* _EXCERPTED DATA_
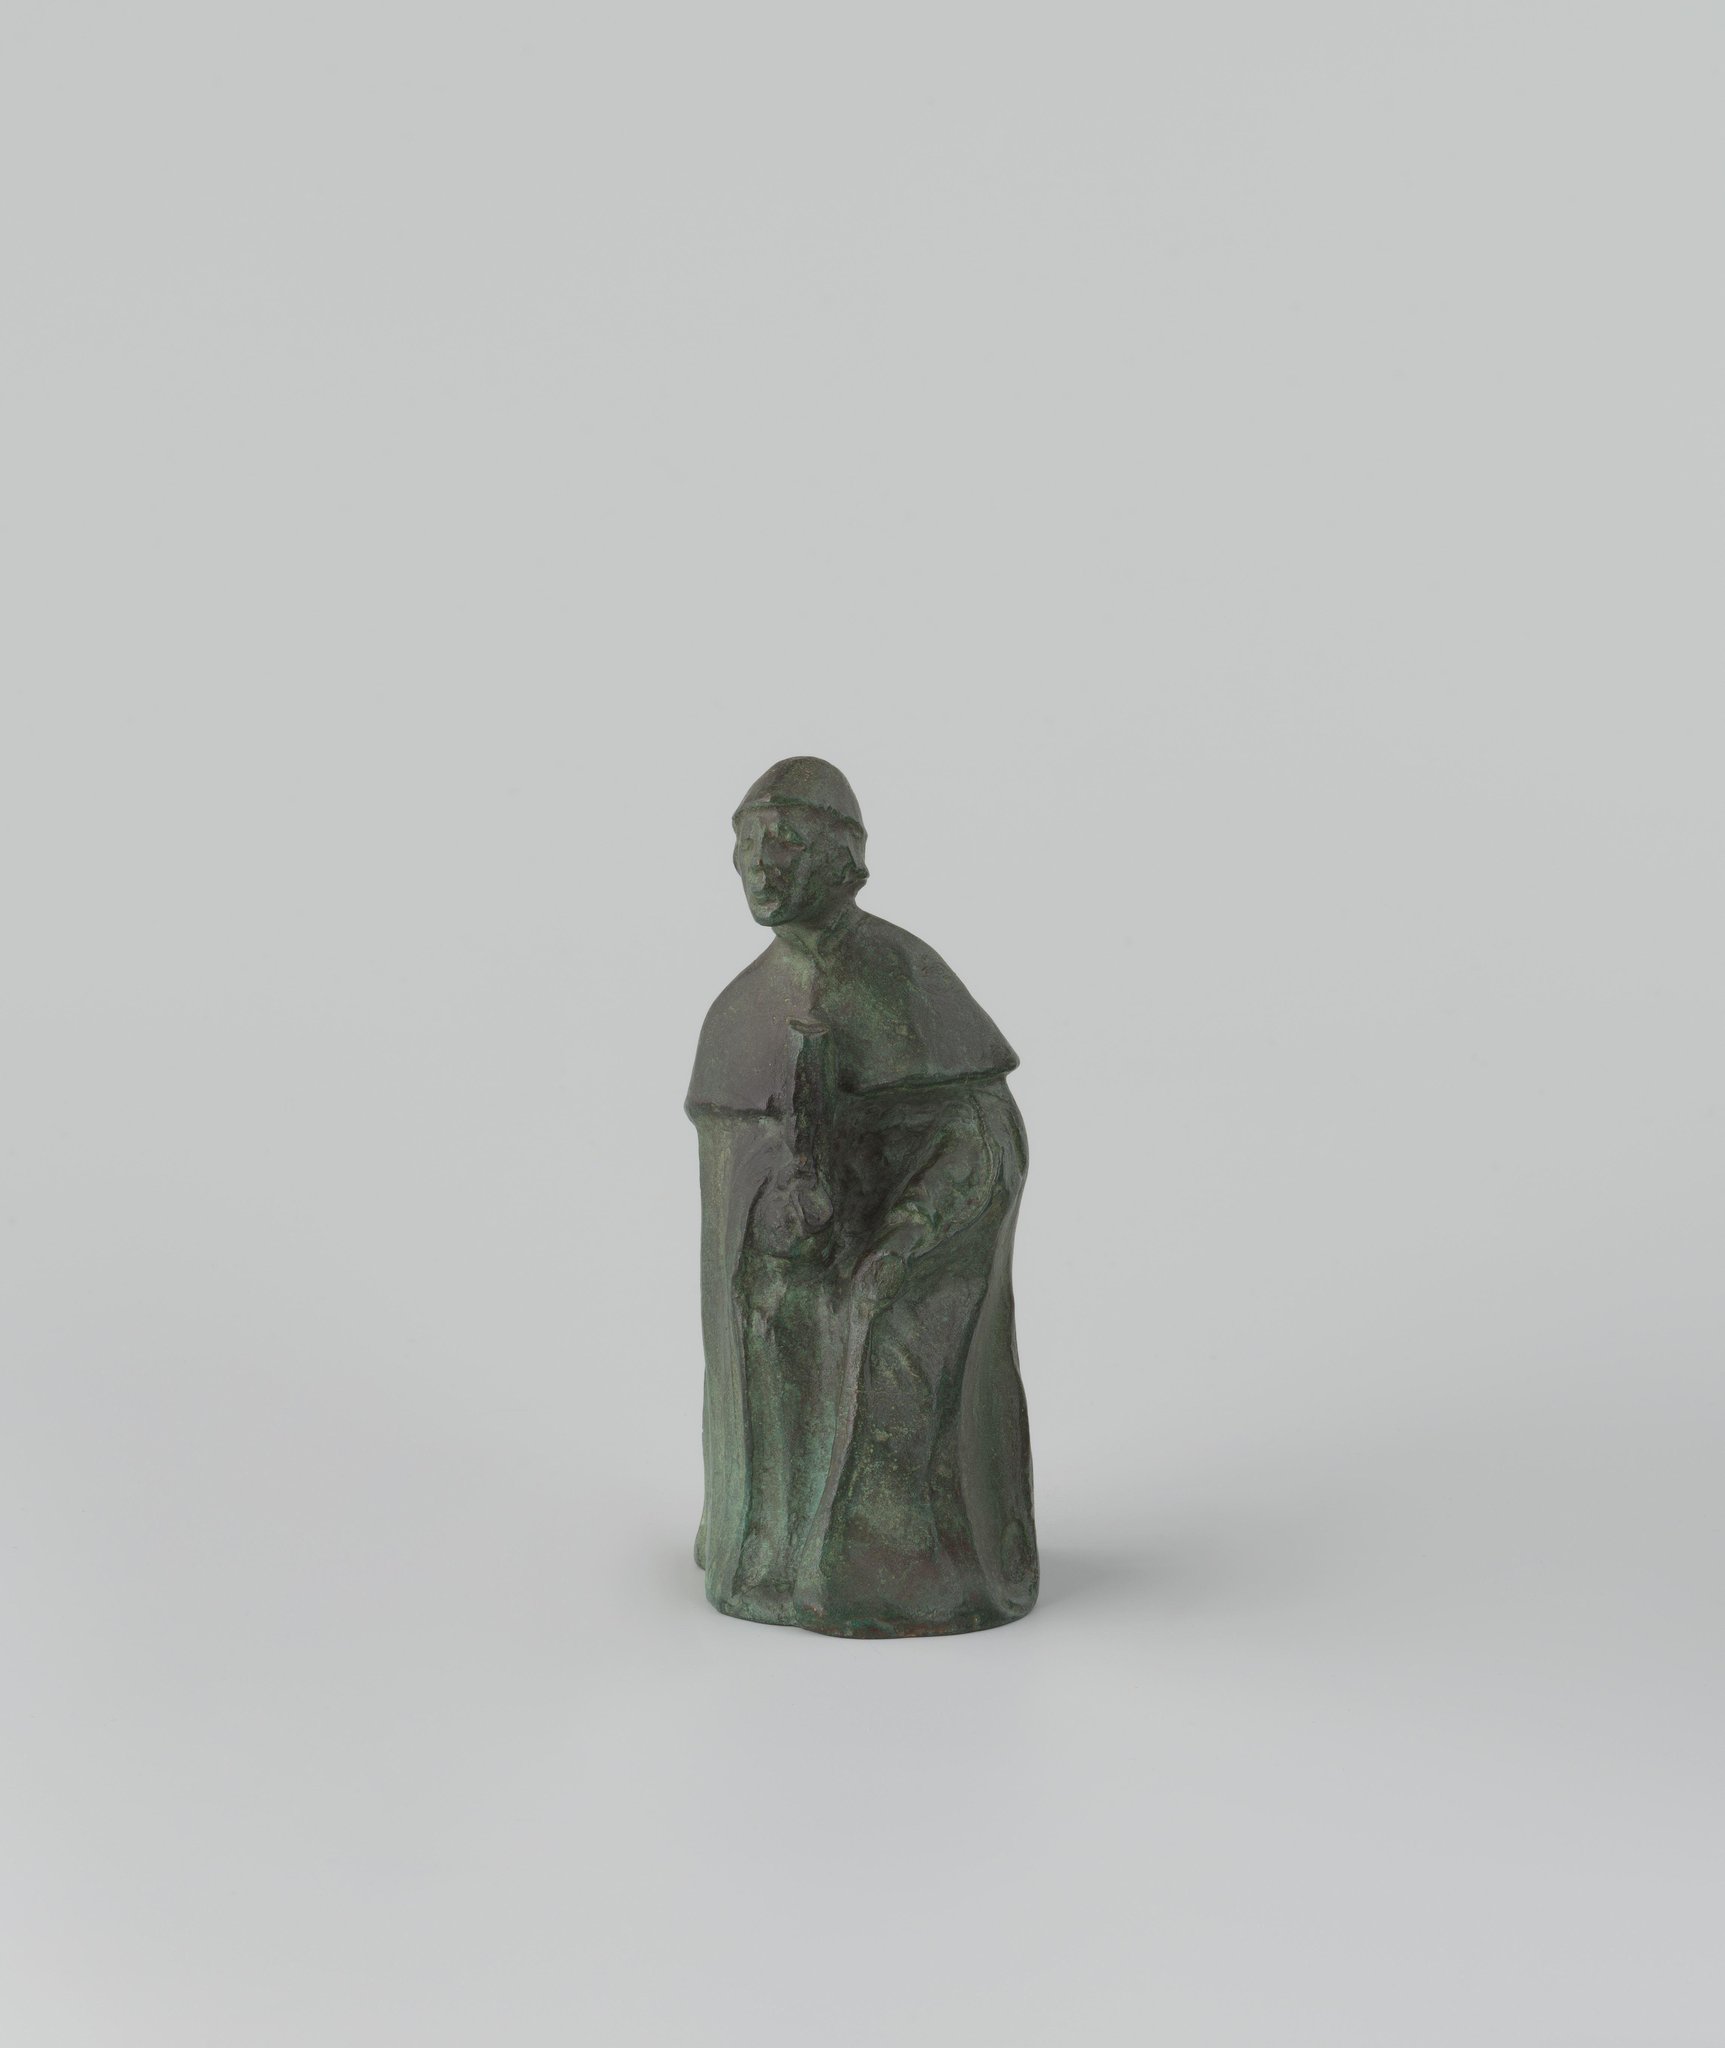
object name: chess piece
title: Paard 2
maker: saar de swart
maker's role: sculptor
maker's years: 1861-1951
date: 1923-1925
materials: bronze, oxide
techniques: casting, lost wax process, patinaed
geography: capri
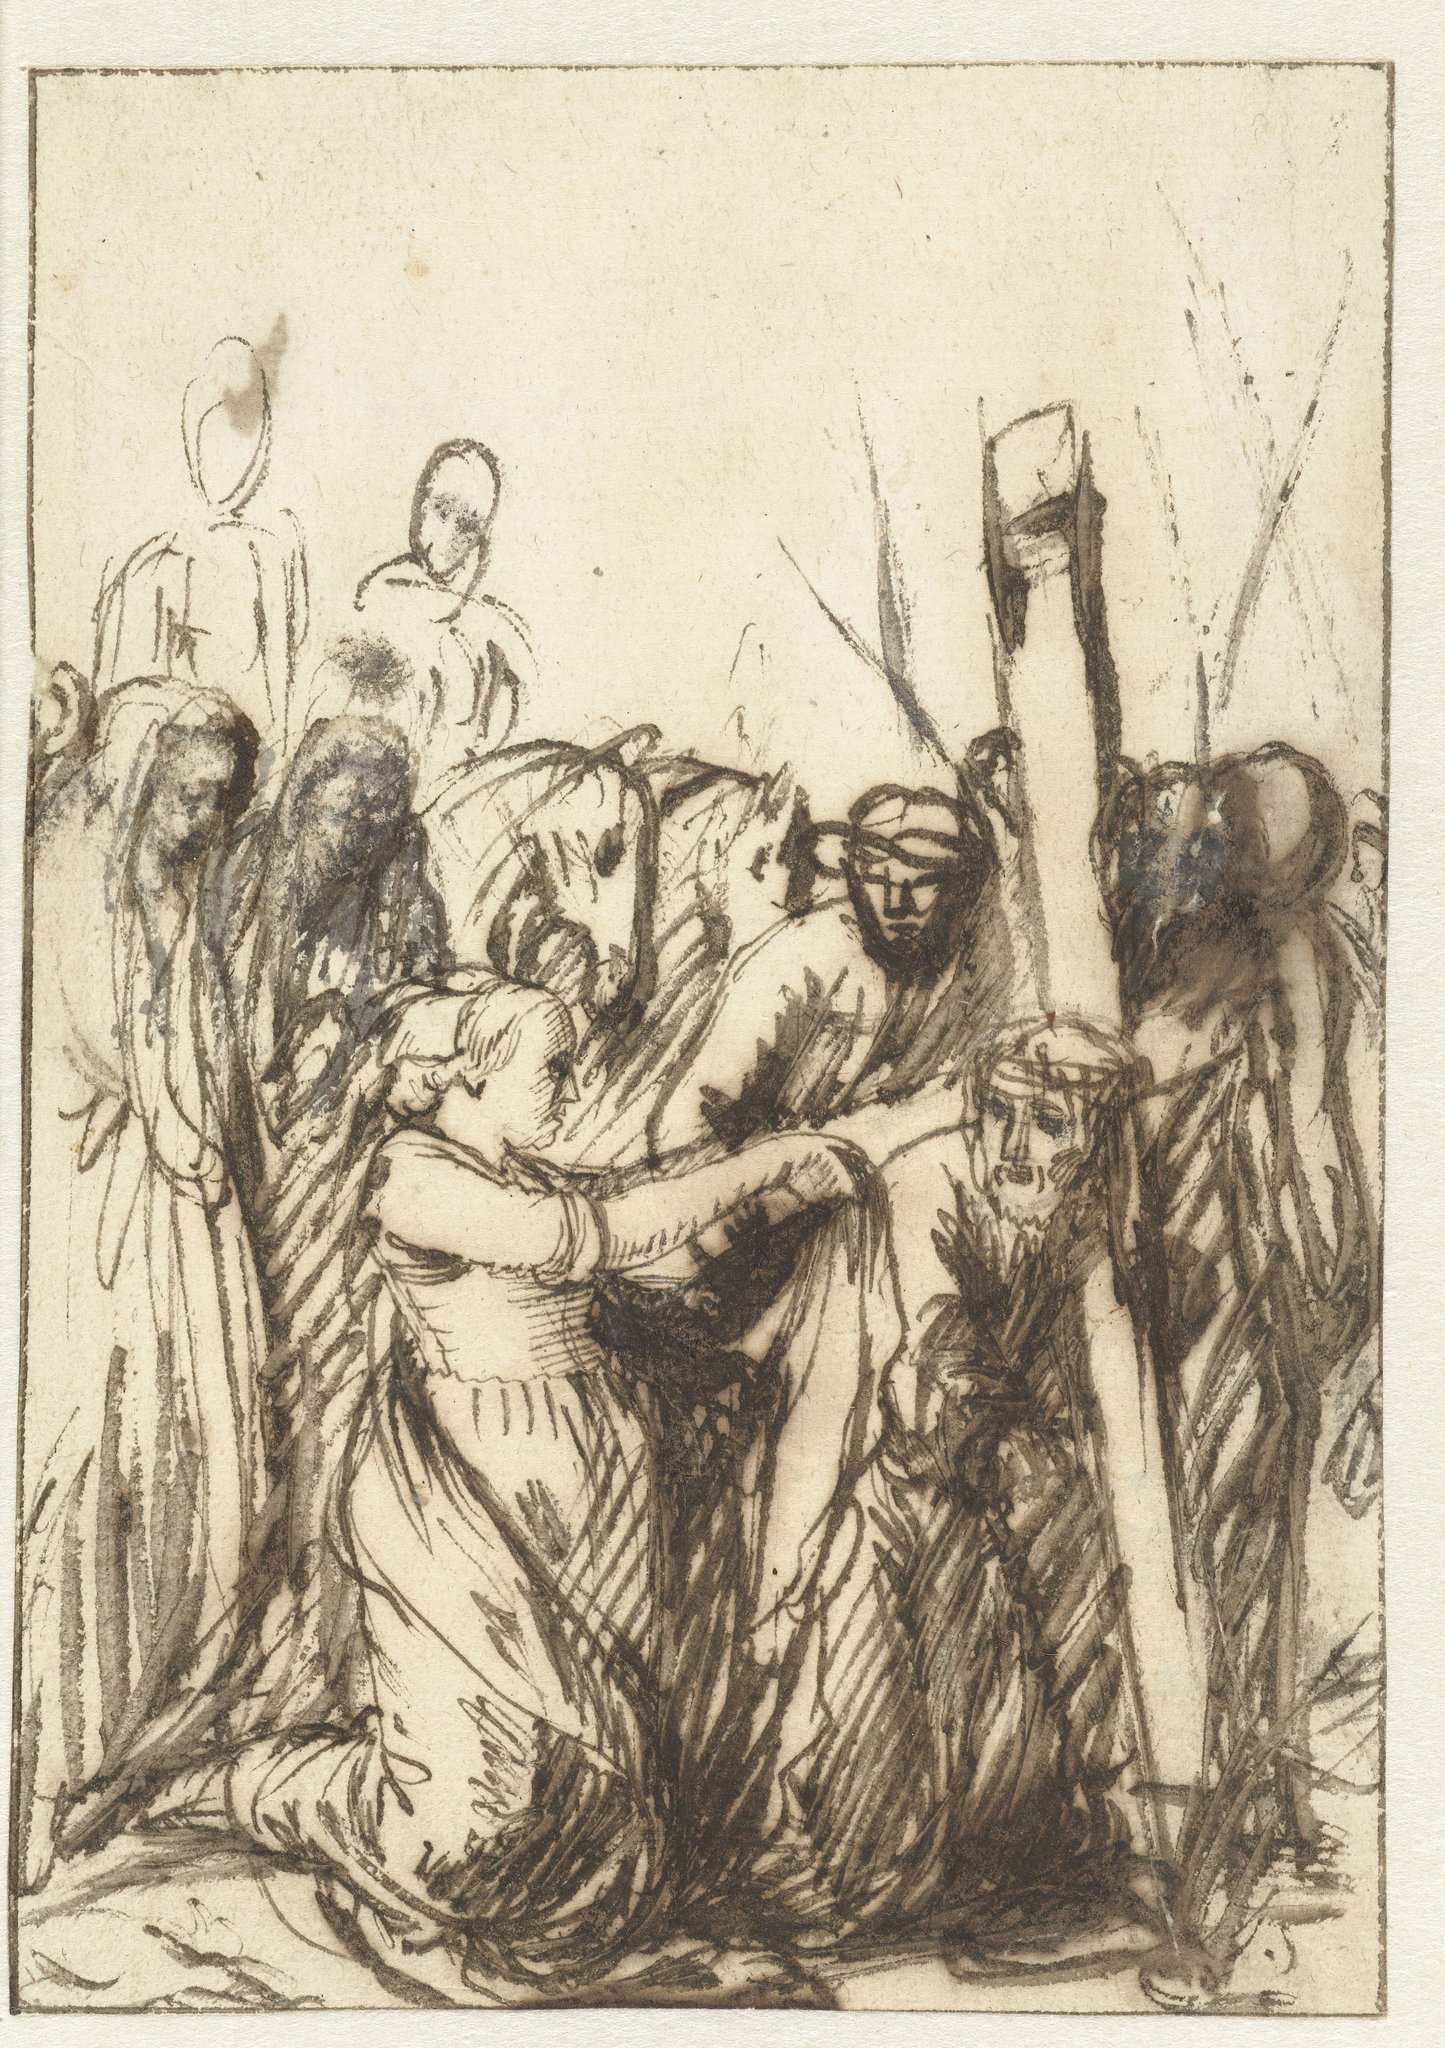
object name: drawing
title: De kruisdraging
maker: hendrick goudt
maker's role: draughtsman, print maker
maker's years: 1581-1648
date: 1580-1650
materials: ink, paper
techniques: brush, pen
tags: christ meets veronica, who has a cloth to wipe christ's face
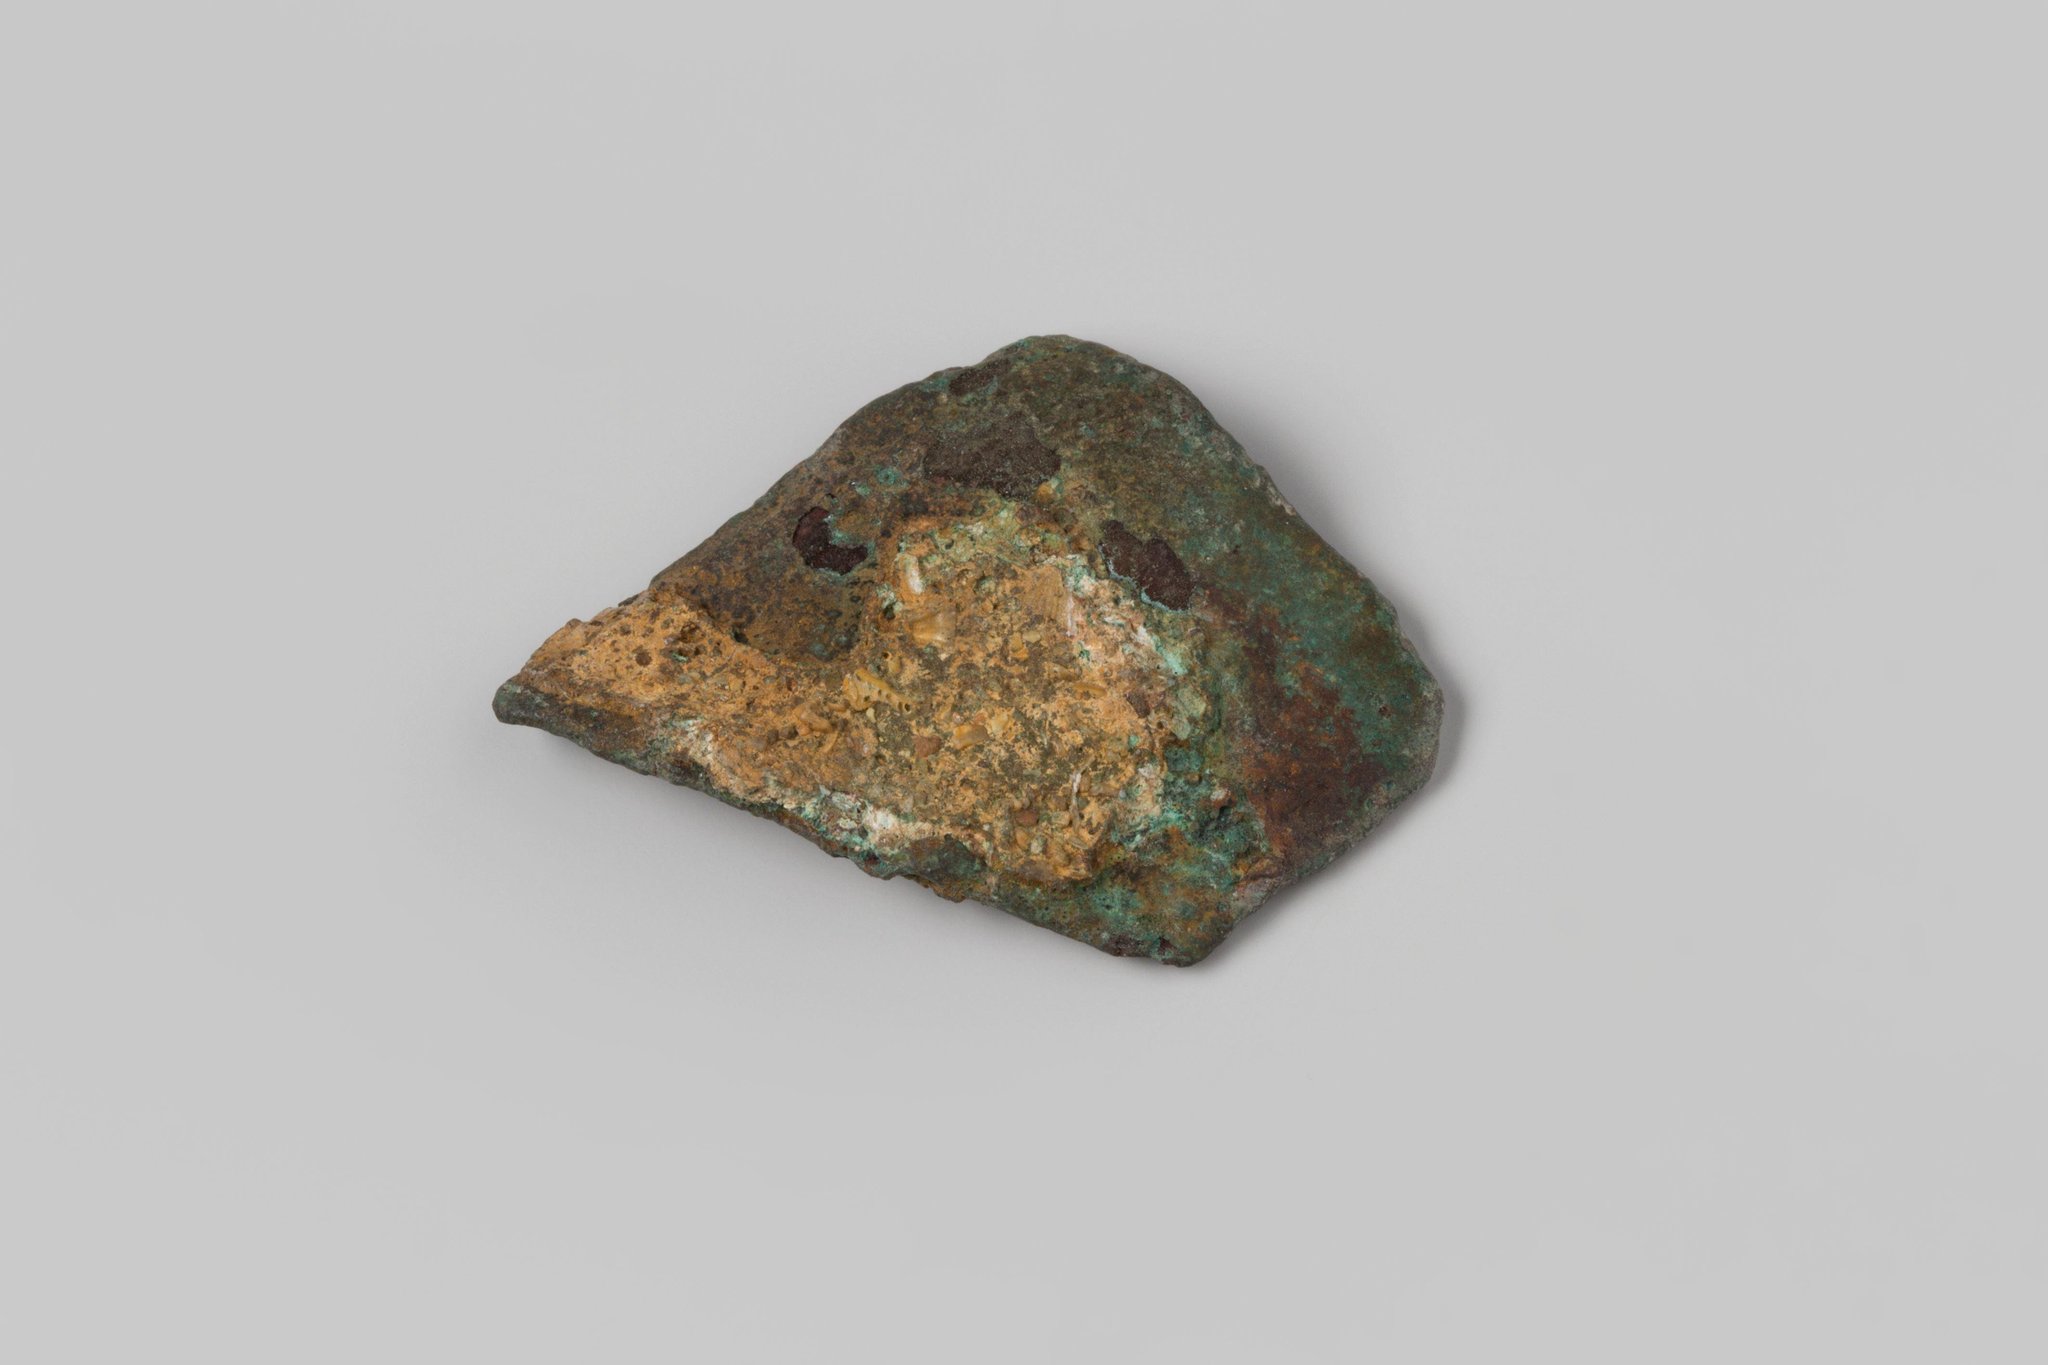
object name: scheepswrakvondst
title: Fragment van koper uit het wrak van de Oost-Indiëvaarder Hollandia
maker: Anonymous
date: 1700-1743
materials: copper
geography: netherlands
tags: verenigde oostindische compagnie, hollandia (schip), annet

* _EXERCISE AIM_
Return the whole listing word for word, minus its pictures.

* _TASK SOLUTION_
object name: chess piece
title: Paard 2
maker: saar de swart
maker's role: sculptor
maker's years: 1861-1951
date: 1923-1925
materials: bronze, oxide
techniques: casting, lost wax process, patinaed
geography: capri
object name: drawing
title: De kruisdraging
maker: hendrick goudt
maker's role: draughtsman, print maker
maker's years: 1581-1648
date: 1580-1650
materials: ink, paper
techniques: brush, pen
tags: christ meets veronica, who has a cloth to wipe christ's face
object name: scheepswrakvondst
title: Fragment van koper uit het wrak van de Oost-Indiëvaarder Hollandia
maker: Anonymous
date: 1700-1743
materials: copper
geography: netherlands
tags: verenigde oostindische compagnie, hollandia (schip), annet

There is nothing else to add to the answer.